27. In 1968, while living in a small Hausa village in northern Nigeria, I once attempted to explain to an ordinary farmer the idea that nepotism was something bad and civil service examinations good. I knew the precise instant when, in spite of my imperfect Hausa and the bizarreness of the idea, he had grasped what I was saying because he suddenly looked at me in shock. His instant and amazed reproach was: "You would favor strangers over your own brothers?" It was clear that, for him, I was advocating a really unusual kind of immorality.

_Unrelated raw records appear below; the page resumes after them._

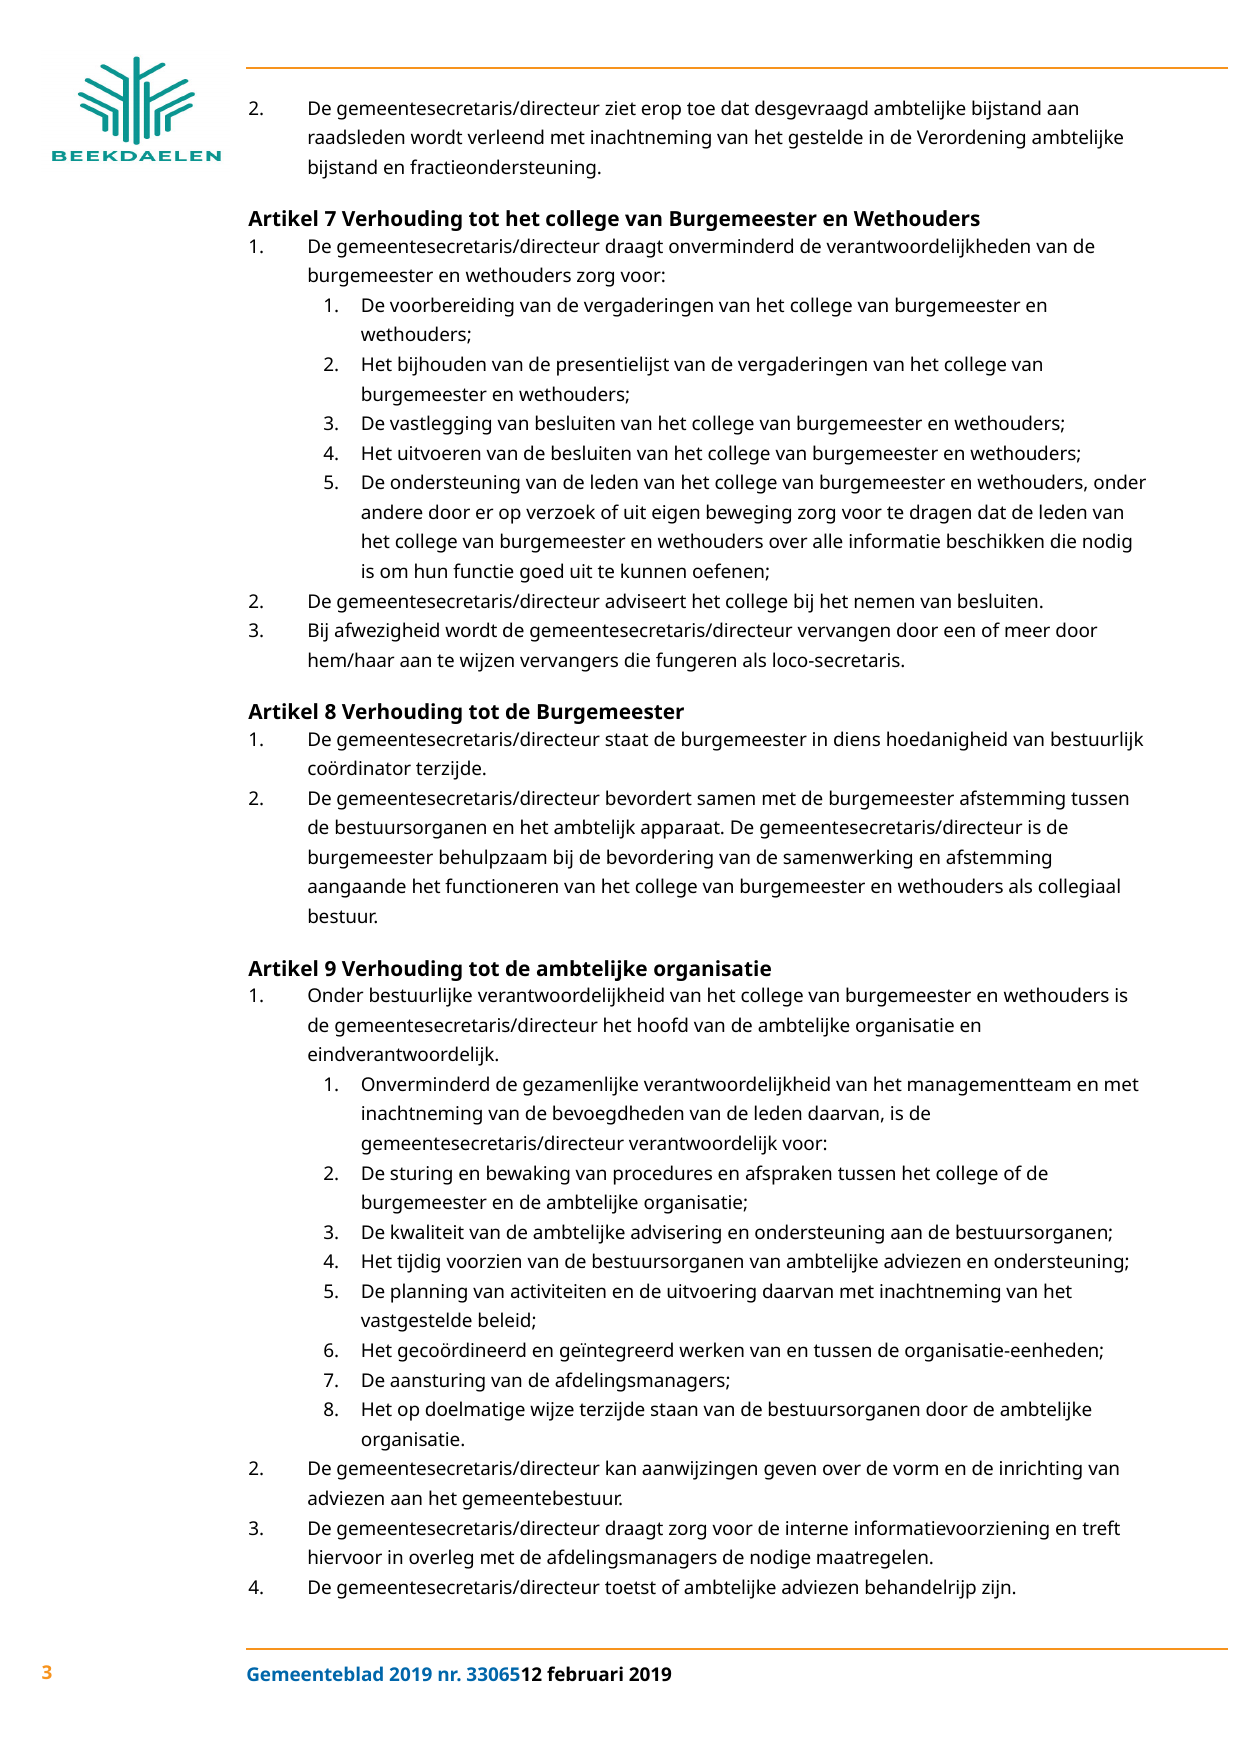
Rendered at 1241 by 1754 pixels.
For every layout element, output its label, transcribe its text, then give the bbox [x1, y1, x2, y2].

list Onder bestuurlijke verantwoordelijkheid van het college van burgemeester en wethouders is de gemeentesecretaris/directeur het hoofd van de ambtelijke organisatie en eindverantwoordelijk. [248, 982, 1152, 1067]
list De voorbereiding van de vergaderingen van het college van burgemeester en wethouders; [323, 292, 1152, 347]
list De vastlegging van besluiten van het college van burgemeester en wethouders; [323, 410, 1152, 436]
list De kwaliteit van de ambtelijke advisering en ondersteuning aan de bestuursorganen; [323, 1219, 1152, 1244]
list De ondersteuning van de leden van het college van burgemeester en wethouders, onder andere door er op verzoek of uit eigen beweging zorg voor te dragen dat de leden van het college van burgemeester en wethouders over alle informatie beschikken die nodig is om hun functie goed uit te kunnen oefenen; [323, 469, 1152, 584]
list Het bijhouden van de presentielijst van de vergaderingen van het college van burgemeester en wethouders; [323, 351, 1152, 406]
list Onverminderd de gezamenlijke verantwoordelijkheid van het managementteam en met inachtneming van de bevoegdheden van de leden daarvan, is de gemeentesecretaris/directeur verantwoordelijk voor: [323, 1071, 1152, 1156]
list De gemeentesecretaris/directeur adviseert het college bij het nemen van besluiten. [248, 588, 1152, 613]
list De gemeentesecretaris/directeur bevordert samen met de burgemeester afstemming tussen de bestuursorganen en het ambtelijk apparaat. De gemeentesecretaris/directeur is de burgemeester behulpzaam bij de bevordering van de samenwerking en afstemming aangaande het functioneren van het college van burgemeester en wethouders als collegiaal bestuur. [248, 785, 1152, 929]
list De gemeentesecretaris/directeur kan aanwijzingen geven over de vorm en de inrichting van adviezen aan het gemeentebestuur. [248, 1456, 1152, 1511]
list De gemeentesecretaris/directeur draagt zorg voor de interne informatievoorziening en treft hiervoor in overleg met de afdelingsmanagers de nodige maatregelen. [248, 1515, 1152, 1570]
list Het gecoördineerd en geïntegreerd werken van en tussen de organisatie-eenheden; [323, 1337, 1152, 1363]
list De sturing en bewaking van procedures en afspraken tussen het college of de burgemeester en de ambtelijke organisatie; [323, 1160, 1152, 1215]
list De gemeentesecretaris/directeur staat de burgemeester in diens hoedanigheid van bestuurlijk coördinator terzijde. [248, 726, 1152, 781]
list De gemeentesecretaris/directeur draagt onverminderd de verantwoordelijkheden van de burgemeester en wethouders zorg voor: [248, 233, 1152, 288]
text Artikel 9 Verhouding tot de ambtelijke organisatie [248, 954, 1152, 982]
list De gemeentesecretaris/directeur toetst of ambtelijke adviezen behandelrijp zijn. [248, 1574, 1152, 1599]
list De planning van activiteiten en de uitvoering daarvan met inachtneming van het vastgestelde beleid; [323, 1278, 1152, 1333]
text Artikel 8 Verhouding tot de Burgemeester [248, 697, 1152, 726]
list De gemeentesecretaris/directeur ziet erop toe dat desgevraagd ambtelijke bijstand aan raadsleden wordt verleend met inachtneming van het gestelde in de Verordening ambtelijke bijstand en fractieondersteuning. [248, 95, 1152, 180]
list Het op doelmatige wijze terzijde staan van de bestuursorganen door de ambtelijke organisatie. [323, 1396, 1152, 1452]
list Het uitvoeren van de besluiten van het college van burgemeester en wethouders; [323, 440, 1152, 466]
picture [41, 47, 231, 172]
list Bij afwezigheid wordt de gemeentesecretaris/directeur vervangen door een of meer door hem/haar aan te wijzen vervangers die fungeren als loco-secretaris. [248, 617, 1152, 673]
list Het tijdig voorzien van de bestuursorganen van ambtelijke adviezen en ondersteuning; [323, 1248, 1152, 1274]
text Artikel 7 Verhouding tot het college van Burgemeester en Wethouders [248, 204, 1152, 233]
list De aansturing van de afdelingsmanagers; [323, 1367, 1152, 1392]

28. These evolved mechanisms underlie the ethnocentrism phenomenon, the tendency for human beings to readily form into in-groups that are likely to compete with out-groups for status and resources and to face external threat with increased in-group solidarity. For discussion of ethnocentrism and also of how we may have been selected for this cluster of traits, see (for example) Alexander (1979), Barkow (1989, 2000), Irwin (1987), LeVine & Campbell (1972), Reynolds, Falger, & Vine (1987), and Shaw & Wong (1988).

29. Amy Alkon, a journalist and syndicated columnist, placed cards on the windshields of SUVs parked on Los Angeles streets. The cards read (to quote from the account under her own byline that appeared in the Los Angeles New Times of April 11, 2002 (http://www.newtimesla.com/issues/2002-04-11/sidecar.html/1/index.html) and from the account in the London Guardian of April 16, 2002 (http://www.guardian.co.uk/Archive/Article/0,4273,4395102,00.html): "Road-hogging, gas-guzzling, air-fouling vulgarian! Clearly you have an extremely small penis or you wouldn't drive such a monstrosity. For the adequately endowed, there are hybrids or electrics. 310 798 1817." Dialing that telephone number would result in a voice saying, "Piggy, piggy, piggy. If you can afford one of those huge new SUVs you can afford something that doesn't suck all the air out of the planet and spit it back black ... It's really creepy that you drive that thing and I just wanted to let you know." Alkon (in a personal communication) explains that she pressed the evolutionary psychology buttons that she believes would create shame over driving an SUV because doing so meant that these drivers were using up more than their fair share of resources. Though her campaign is only a modest and simple beginning, and not necessarily the best possible strategy to achieve her end of protecting the environment, it does support the notion that an evolutionary praxis is possible. Presumably, more subtle techniques are possible.,

30. For example, the study of sperm competition and its implications was quite unanticipated (e.g., Bellis & Baker, 1995; Birkhead, 2000; Low, 1999).

31. In part, though only in part, the larger context for the anti-evolution stance of the human sciences is that of the "science wars" of the turn-of-the-century. For an analysis of anti-biology and anti-evolutionism in the humanities, see McBride (1998).

32. My thanks to James Bryan for his helpful suggestions contained in a personal communication dated August 31, 2001.